### Required action
Before repeating the entries below, strip out every picture and keep all else as it is.

··· Exercise materials ···

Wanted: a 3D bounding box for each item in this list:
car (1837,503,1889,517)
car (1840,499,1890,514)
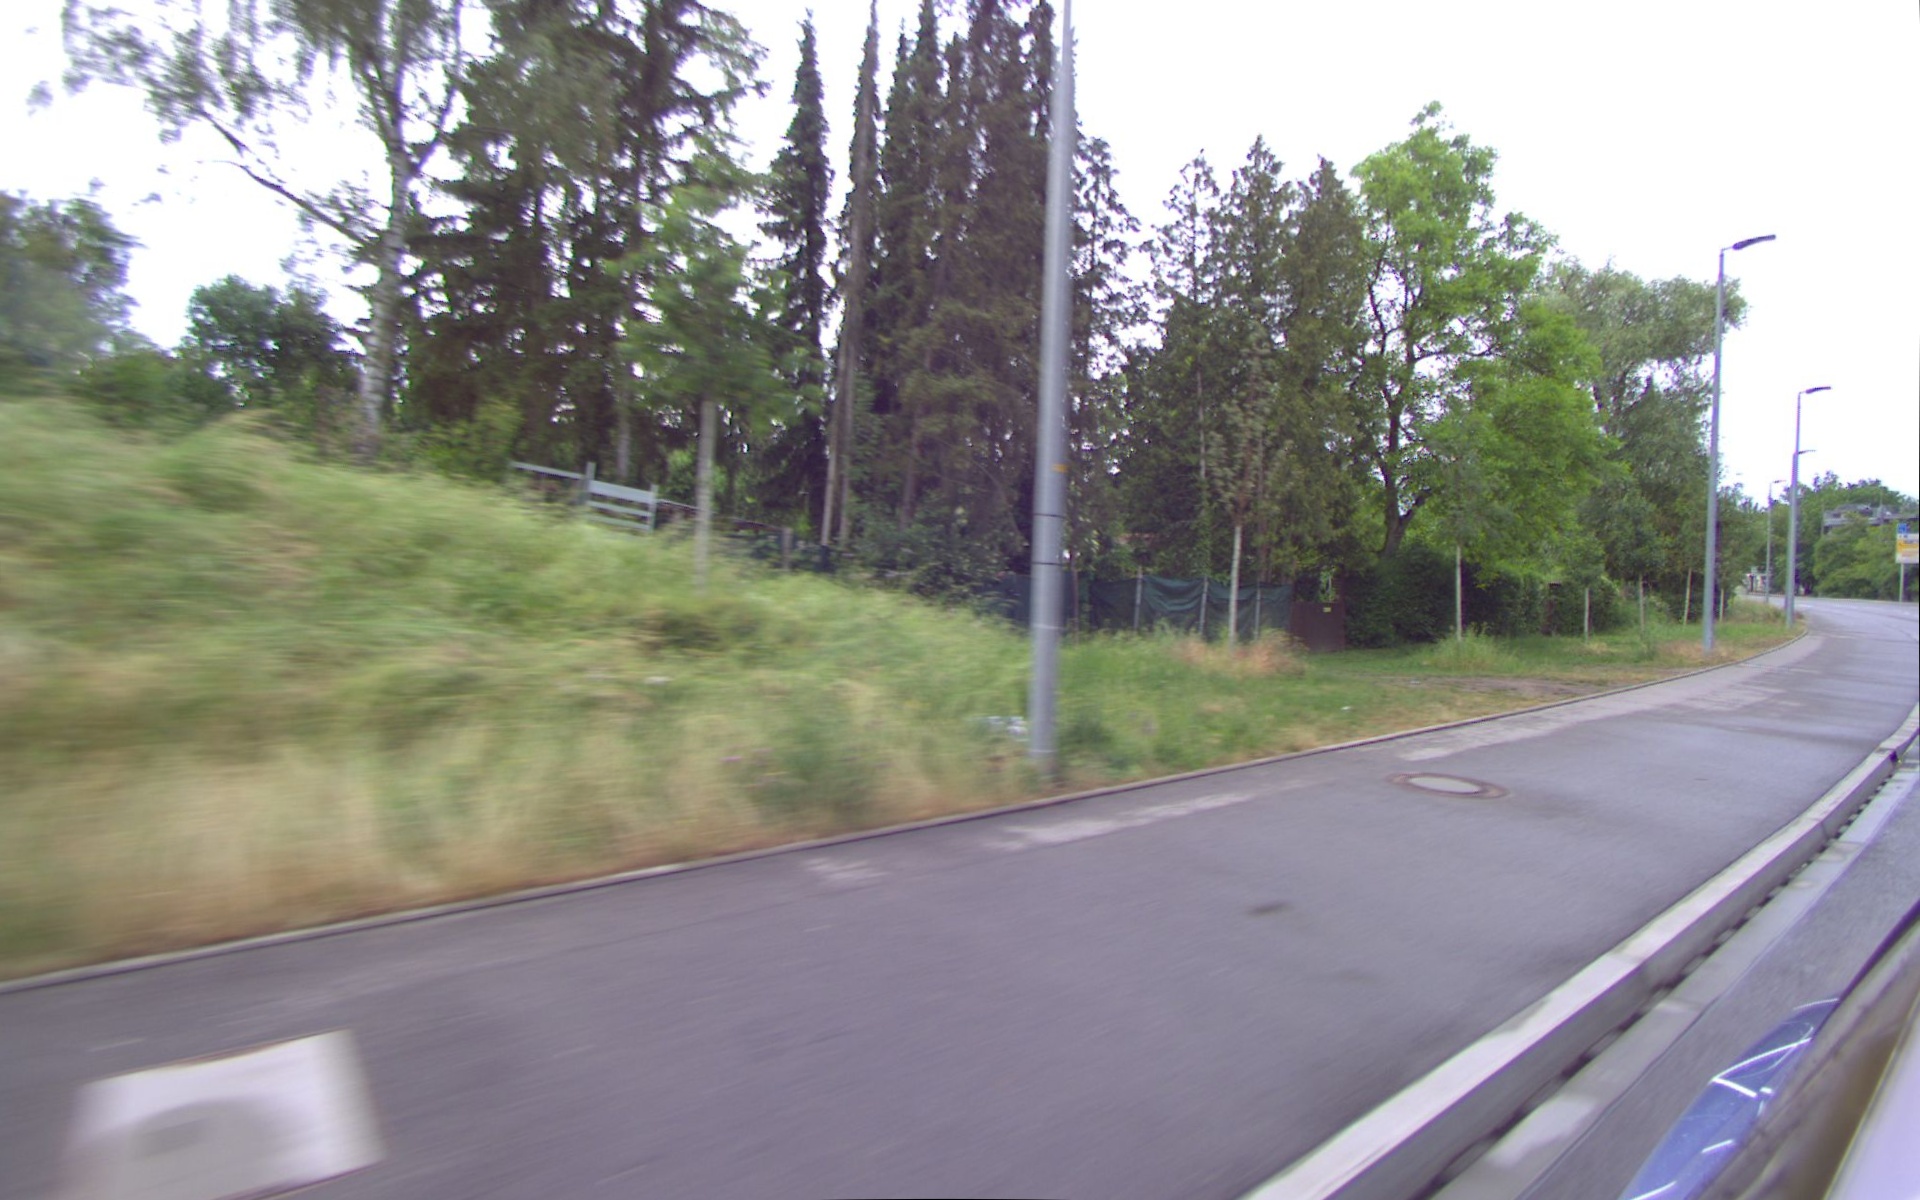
[{"bbox_3d":[102.084,-10.147,114.382,1.962,1.537,4.001,0,4,-36],"label":"car"},{"bbox_3d":[104.916,-10.803,117.343,1.962,1.537,4.001,0,4,-36],"label":"car"}]
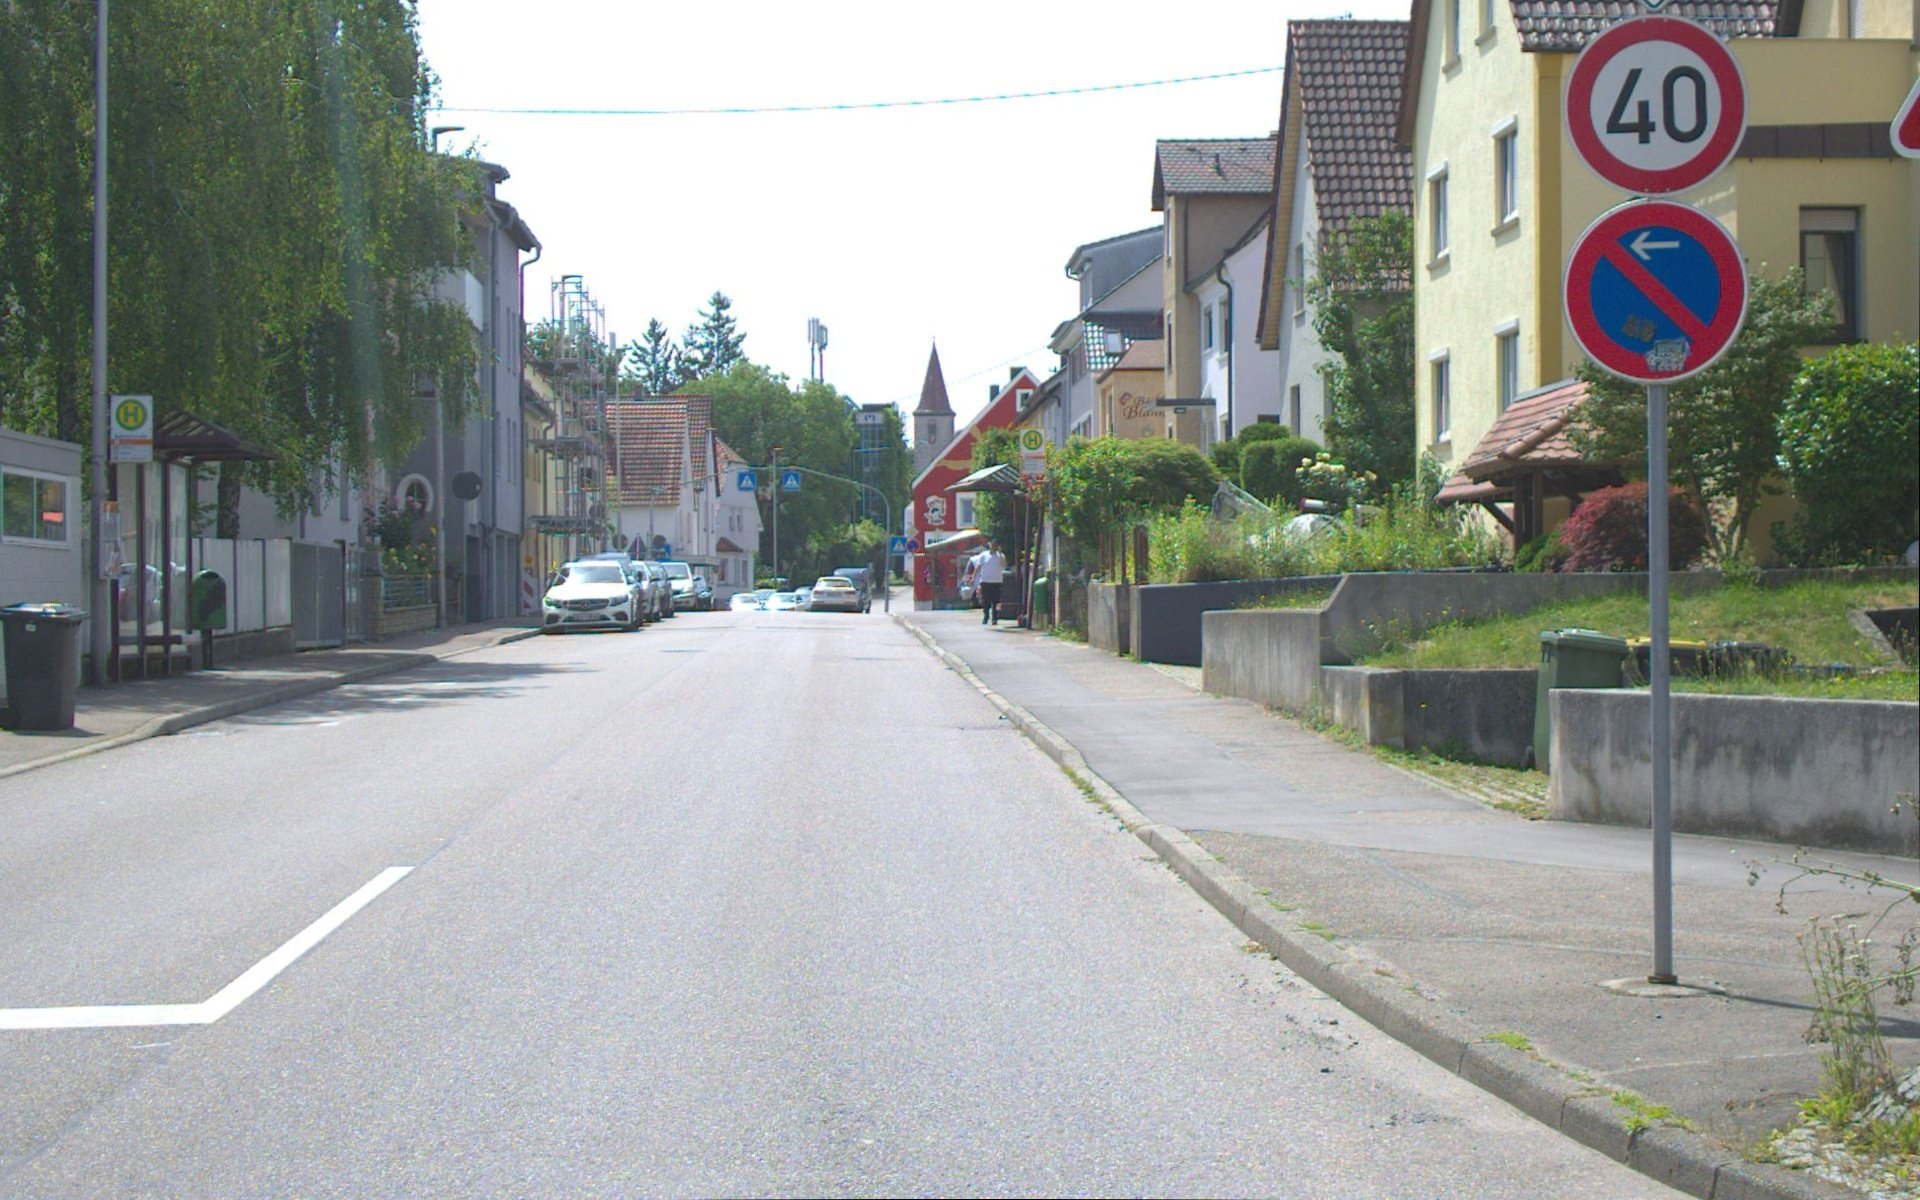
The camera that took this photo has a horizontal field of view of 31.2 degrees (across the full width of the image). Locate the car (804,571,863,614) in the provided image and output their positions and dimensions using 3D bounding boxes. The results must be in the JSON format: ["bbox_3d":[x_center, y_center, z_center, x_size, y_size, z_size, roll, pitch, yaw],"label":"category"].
[{"bbox_3d":[-4.858,-0.290,131.307,1.993,1.555,4.315,-1,1,-5],"label":"car"}]

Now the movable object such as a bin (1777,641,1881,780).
[{"bbox_3d":[6.334,0.799,25.083,0.528,0.948,0.564,5,1,-2],"label":"movable object such as a bin"}]

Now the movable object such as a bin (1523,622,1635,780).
[{"bbox_3d":[4.494,0.723,24.981,0.583,1.075,0.734,4,1,-2],"label":"movable object such as a bin"}]

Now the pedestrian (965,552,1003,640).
[{"bbox_3d":[0.478,-0.088,68.746,0.646,1.724,0.608,-3,1,-2],"label":"pedestrian"}]

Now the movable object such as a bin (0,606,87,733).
[{"bbox_3d":[-7.891,0.593,29.558,0.607,1.042,0.725,0,2,-2],"label":"movable object such as a bin"}]

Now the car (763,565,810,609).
[{"bbox_3d":[-8.172,-0.634,162.174,1.993,2.007,4.000,-1,1,0],"label":"car"}]

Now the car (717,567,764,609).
[{"bbox_3d":[-10.701,-0.596,167.956,1.993,2.007,4.000,-1,1,0],"label":"car"}]

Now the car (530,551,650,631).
[{"bbox_3d":[-7.606,-0.218,71.090,2.110,1.555,4.314,-1,1,-1],"label":"car"}]

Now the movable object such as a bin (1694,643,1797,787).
[{"bbox_3d":[5.715,0.832,25.034,0.528,0.986,0.564,5,1,-2],"label":"movable object such as a bin"}]

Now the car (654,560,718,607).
[{"bbox_3d":[-9.558,-0.588,120.311,1.993,1.555,4.314,-1,1,-1],"label":"car"}]

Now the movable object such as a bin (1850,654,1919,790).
[{"bbox_3d":[6.889,0.896,25.172,0.528,0.948,0.564,3,1,-2],"label":"movable object such as a bin"}]

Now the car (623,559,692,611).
[{"bbox_3d":[-9.380,-0.488,106.976,1.993,1.555,4.314,-1,1,-3],"label":"car"}]

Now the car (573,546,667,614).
[{"bbox_3d":[-8.110,-0.503,82.335,1.993,1.555,4.314,-1,1,-2],"label":"car"}]

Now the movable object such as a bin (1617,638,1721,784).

···

### Task response
Wanted: a 3D bounding box for each item in this list:
car (1837,503,1889,517)
car (1840,499,1890,514)
[{"bbox_3d":[102.084,-10.147,114.382,1.962,1.537,4.001,0,4,-36],"label":"car"},{"bbox_3d":[104.916,-10.803,117.343,1.962,1.537,4.001,0,4,-36],"label":"car"}]
The camera that took this photo has a horizontal field of view of 31.2 degrees (across the full width of the image). Locate the car (804,571,863,614) in the provided image and output their positions and dimensions using 3D bounding boxes. The results must be in the JSON format: ["bbox_3d":[x_center, y_center, z_center, x_size, y_size, z_size, roll, pitch, yaw],"label":"category"].
[{"bbox_3d":[-4.858,-0.290,131.307,1.993,1.555,4.315,-1,1,-5],"label":"car"}]

Now the movable object such as a bin (1777,641,1881,780).
[{"bbox_3d":[6.334,0.799,25.083,0.528,0.948,0.564,5,1,-2],"label":"movable object such as a bin"}]

Now the movable object such as a bin (1523,622,1635,780).
[{"bbox_3d":[4.494,0.723,24.981,0.583,1.075,0.734,4,1,-2],"label":"movable object such as a bin"}]

Now the pedestrian (965,552,1003,640).
[{"bbox_3d":[0.478,-0.088,68.746,0.646,1.724,0.608,-3,1,-2],"label":"pedestrian"}]

Now the movable object such as a bin (0,606,87,733).
[{"bbox_3d":[-7.891,0.593,29.558,0.607,1.042,0.725,0,2,-2],"label":"movable object such as a bin"}]

Now the car (763,565,810,609).
[{"bbox_3d":[-8.172,-0.634,162.174,1.993,2.007,4.000,-1,1,0],"label":"car"}]

Now the car (717,567,764,609).
[{"bbox_3d":[-10.701,-0.596,167.956,1.993,2.007,4.000,-1,1,0],"label":"car"}]

Now the car (530,551,650,631).
[{"bbox_3d":[-7.606,-0.218,71.090,2.110,1.555,4.314,-1,1,-1],"label":"car"}]

Now the movable object such as a bin (1694,643,1797,787).
[{"bbox_3d":[5.715,0.832,25.034,0.528,0.986,0.564,5,1,-2],"label":"movable object such as a bin"}]

Now the car (654,560,718,607).
[{"bbox_3d":[-9.558,-0.588,120.311,1.993,1.555,4.314,-1,1,-1],"label":"car"}]

Now the movable object such as a bin (1850,654,1919,790).
[{"bbox_3d":[6.889,0.896,25.172,0.528,0.948,0.564,3,1,-2],"label":"movable object such as a bin"}]

Now the car (623,559,692,611).
[{"bbox_3d":[-9.380,-0.488,106.976,1.993,1.555,4.314,-1,1,-3],"label":"car"}]

Now the car (573,546,667,614).
[{"bbox_3d":[-8.110,-0.503,82.335,1.993,1.555,4.314,-1,1,-2],"label":"car"}]

Now the movable object such as a bin (1617,638,1721,784).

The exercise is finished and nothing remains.